I just built another little gateway pi, on Raspbian. It is a newer Raspbian than I used for the others. And newer is better, right? But when the little fellow came up, postfix claimed it couldn’t relay through tarragon, because it couldn’t accomplish login. Sasl authentication failed, no worthy mechs.

I remember good old “no worthy mechs” from way back when, always thought it a very cool error message. But why in the heck am I getting this? I’m not doing anything fancy.

I had a vague nagging feeling from some old Fedora problems, long ago. Could it be that I have to install some kind of sasl library, even to do plain authentication?

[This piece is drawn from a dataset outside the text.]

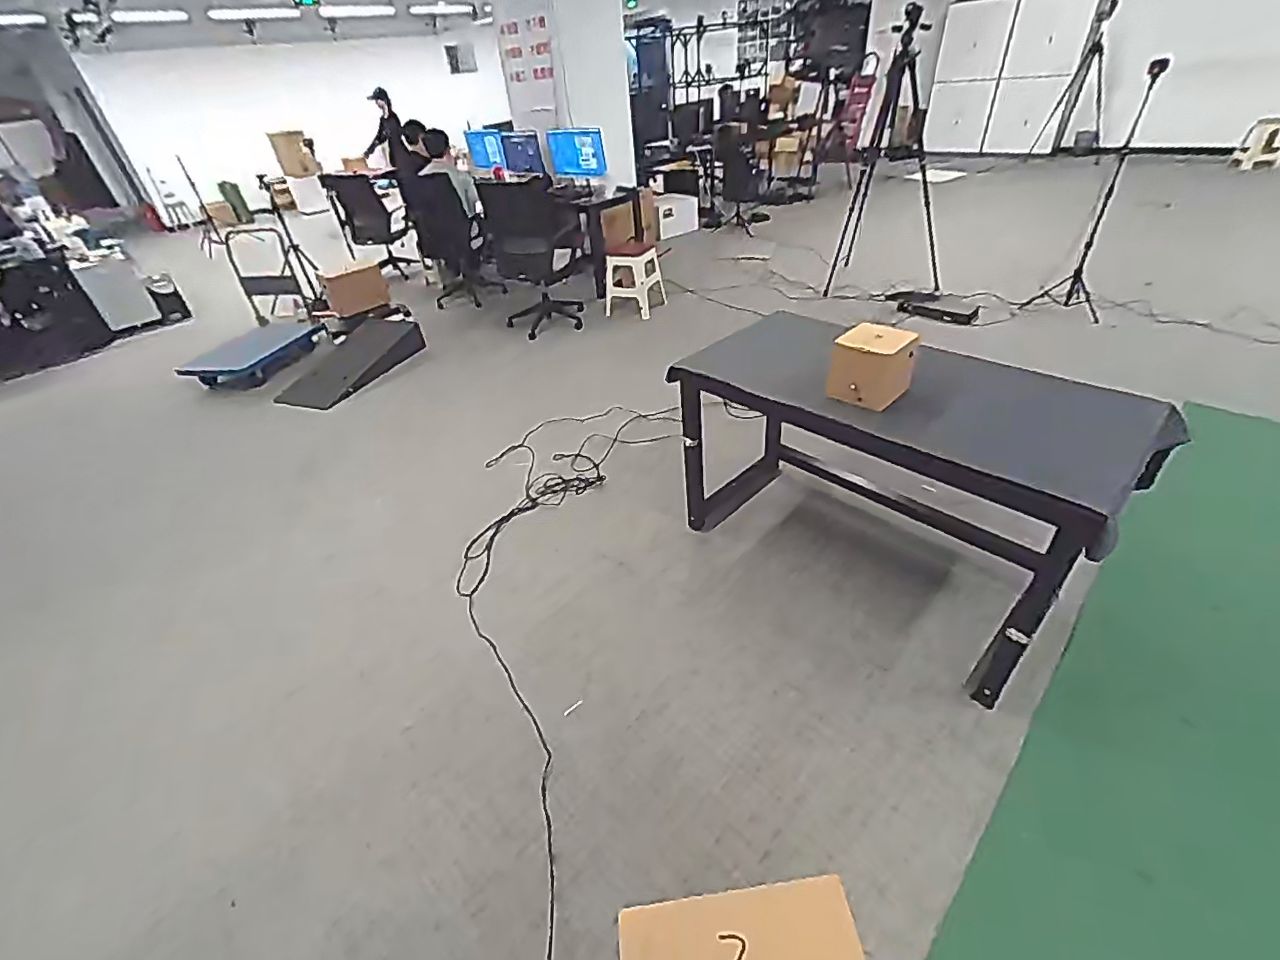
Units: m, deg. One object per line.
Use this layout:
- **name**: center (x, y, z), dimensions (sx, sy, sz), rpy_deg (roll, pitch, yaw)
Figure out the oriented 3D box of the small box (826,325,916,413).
- **small box**: center (0.644, -0.314, 1.524), dimensions (0.179, 0.176, 0.168), rpy_deg (-33, 44, -32)

Poked around a little. Eventually did an apt install libsasl2-modules and sasl2-bin. Sure enough, they actually installed.

And afterwords postfix came up and send the mail out of the queue. I’ll be dipped in … I am surprised. This was not something I had to do before. Is this an improvement in Raspbian. Don’t package any sasl mechs, make the poor sod figure out why sasl authentication won’t work.

This is to help me remember the next time this happens.

Memory on the Gateway Pi

I now have 8 of these gateway boxes out there. This morning as I was checking backups on one of them, I observed that it took quite a long time to respond. I ran a top on it and was horrified to see that its memory use was 100% and so was its swap. Holy @#$%!@ Batman!

Most of the memory was being used by the lxpanel. And (hangs head in embarrassment) there were actually two lxpanels running – one for the console and one in the vnc window I launch at startup.

It seems the lxpanels leak. I don’t know how badly, but it doesn’t matter. These boxes are meant to run forever so even a tiny leak is eventually fatal.

Well this was simple. I will seldom, if ever, need to get into a graphical environment remotely, and if I do I can always start vnc from the command line. So I took out the startvnc from the startup script. And I have even LESS need for a graphical console since there is not even a monitor on these things. So I set the default systemd target to multi-user.target.

Did this on all the gateways that are running on pi-zeros. Those few running on bigger ubuntu boxes I didn’t really have the problem anyway.

After rebooting them they come up with no lxpanels. I’ll watch the memory use, but I think this will fix the problem.